Exercise instructions: Once the line containing "title: Designs featuring" is found in the entries below, reproduce it and every line after it, stopping at and including the line containing "tags: putti"; reproduce nothing else, and keep each line exact.

The input:
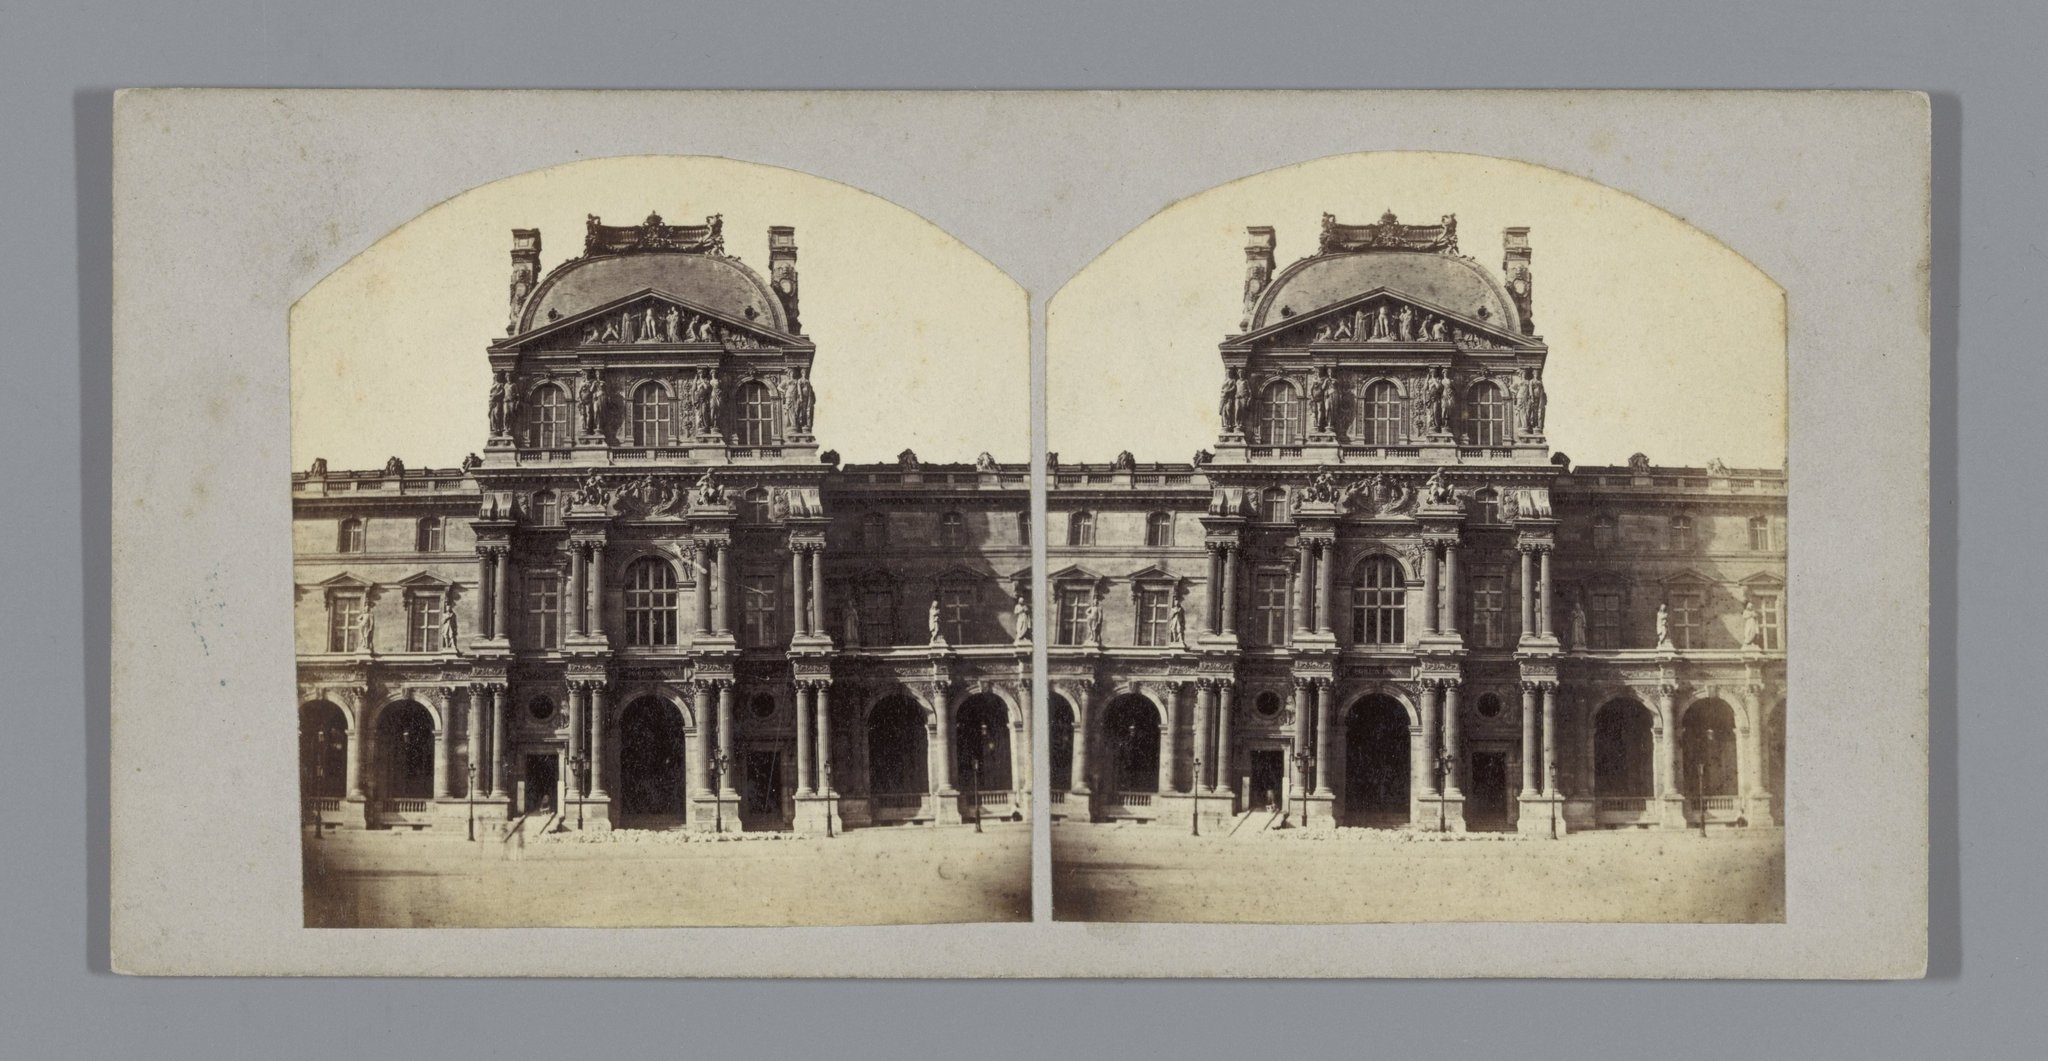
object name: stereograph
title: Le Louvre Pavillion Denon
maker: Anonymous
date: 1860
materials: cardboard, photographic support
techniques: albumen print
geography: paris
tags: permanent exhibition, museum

==

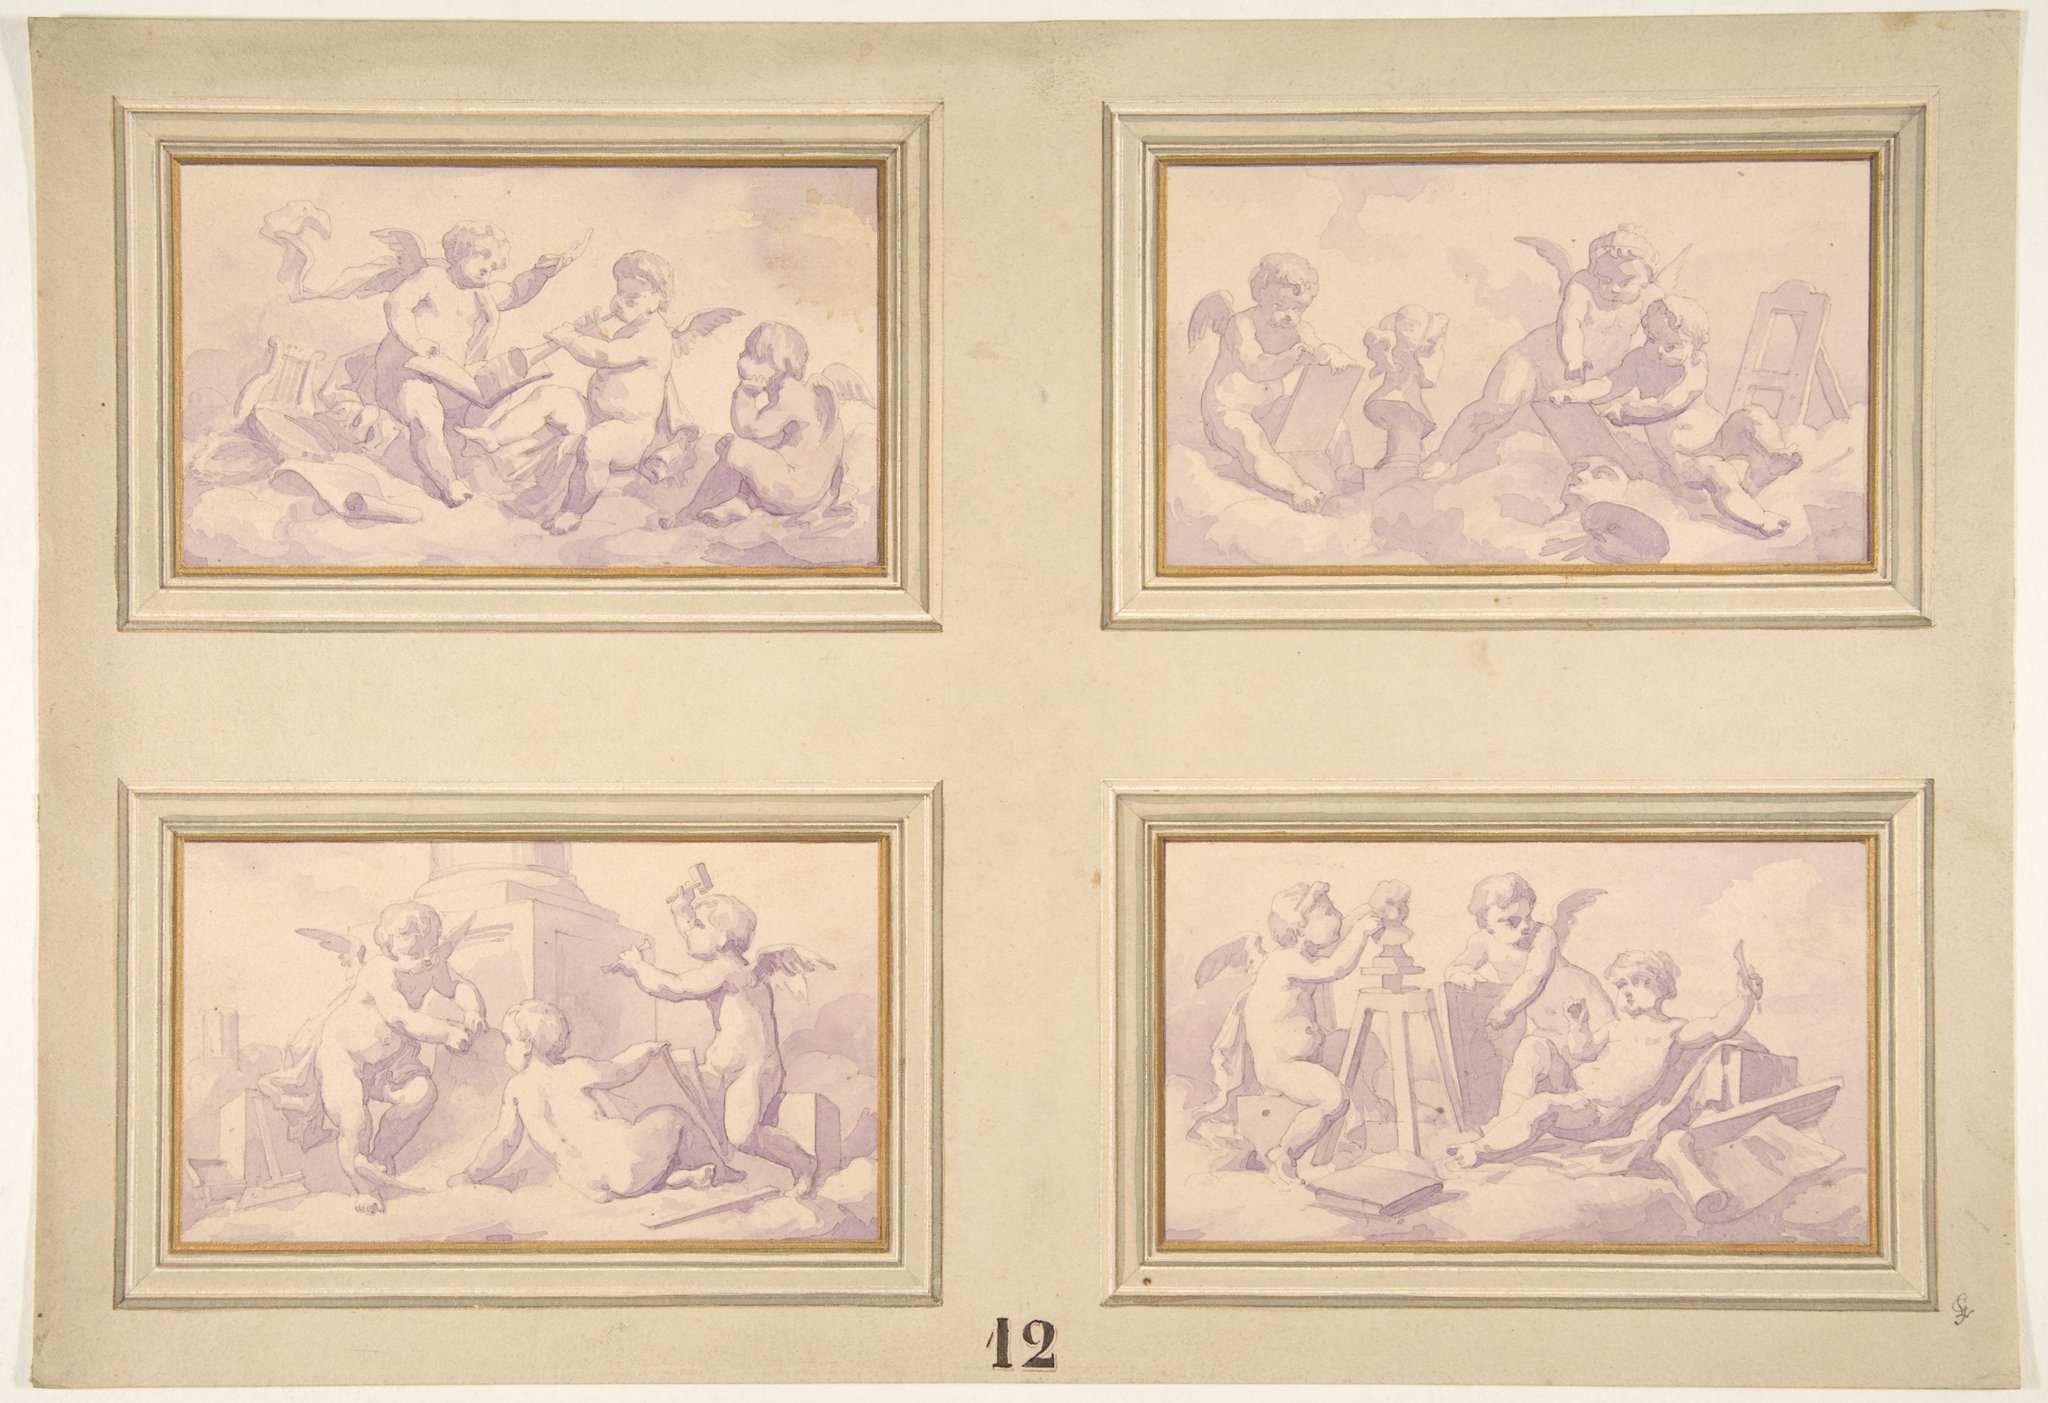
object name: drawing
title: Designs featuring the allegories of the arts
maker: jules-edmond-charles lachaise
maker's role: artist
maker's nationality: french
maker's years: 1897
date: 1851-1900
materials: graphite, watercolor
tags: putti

Result for this exercise:
title: Designs featuring the allegories of the arts
maker: jules-edmond-charles lachaise
maker's role: artist
maker's nationality: french
maker's years: 1897
date: 1851-1900
materials: graphite, watercolor
tags: putti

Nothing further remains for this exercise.